▸ Exercise details:
Where a picture appears, leave it out, and transcribe all the lines below exactly.

[Stored data entries]
══════

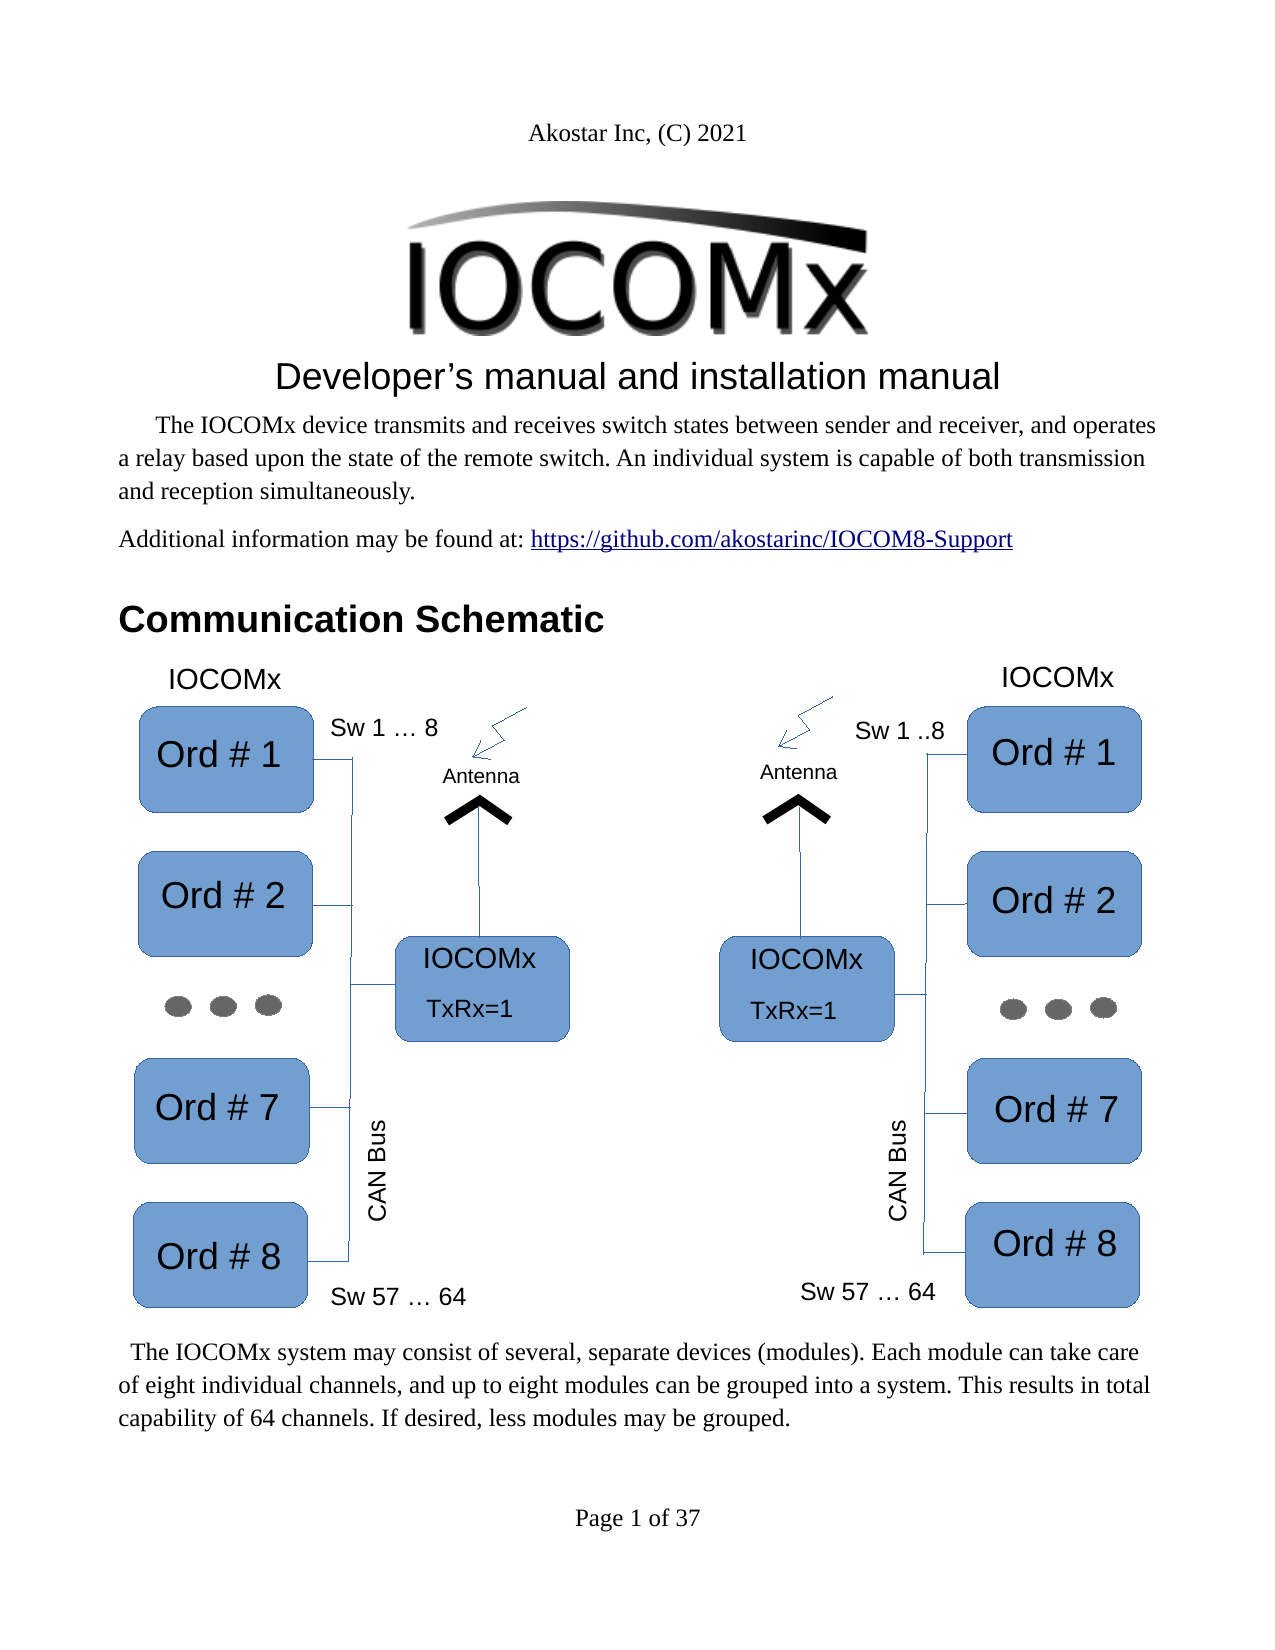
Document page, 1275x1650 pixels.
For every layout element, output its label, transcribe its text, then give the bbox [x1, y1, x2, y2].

subtitle Communication Schematic [118, 596, 1157, 640]
text The IOCOMx system may consist of several, separate devices (modules). Each module can take care of eight individual channels, and up to eight modules can be grouped into a system. This results in total capability of 64 channels. If desired, less modules may be grouped. [118, 1337, 1157, 1432]
picture [407, 201, 868, 336]
subtitle Developer’s manual and installation manual [118, 354, 1157, 398]
text Additional information may be found at: https://github.com/akostarinc/IOCOM8-Support [118, 524, 1157, 552]
text The IOCOMx device transmits and receives switch states between sender and receiver, and operates a relay based upon the state of the remote switch. An individual system is capable of both transmission and reception simultaneously. [118, 410, 1157, 505]

══════

▸ Output of the exercise:
Document page, 1275x1650 pixels.
For every layout element, output its label, transcribe its text, then give the bbox [x1, y1, x2, y2].

subtitle Communication Schematic [118, 596, 1157, 640]
text The IOCOMx system may consist of several, separate devices (modules). Each module can take care of eight individual channels, and up to eight modules can be grouped into a system. This results in total capability of 64 channels. If desired, less modules may be grouped. [118, 1337, 1157, 1432]
picture [407, 201, 868, 336]
subtitle Developer’s manual and installation manual [118, 354, 1157, 398]
text Additional information may be found at: https://github.com/akostarinc/IOCOM8-Support [118, 524, 1157, 552]
text The IOCOMx device transmits and receives switch states between sender and receiver, and operates a relay based upon the state of the remote switch. An individual system is capable of both transmission and reception simultaneously. [118, 410, 1157, 505]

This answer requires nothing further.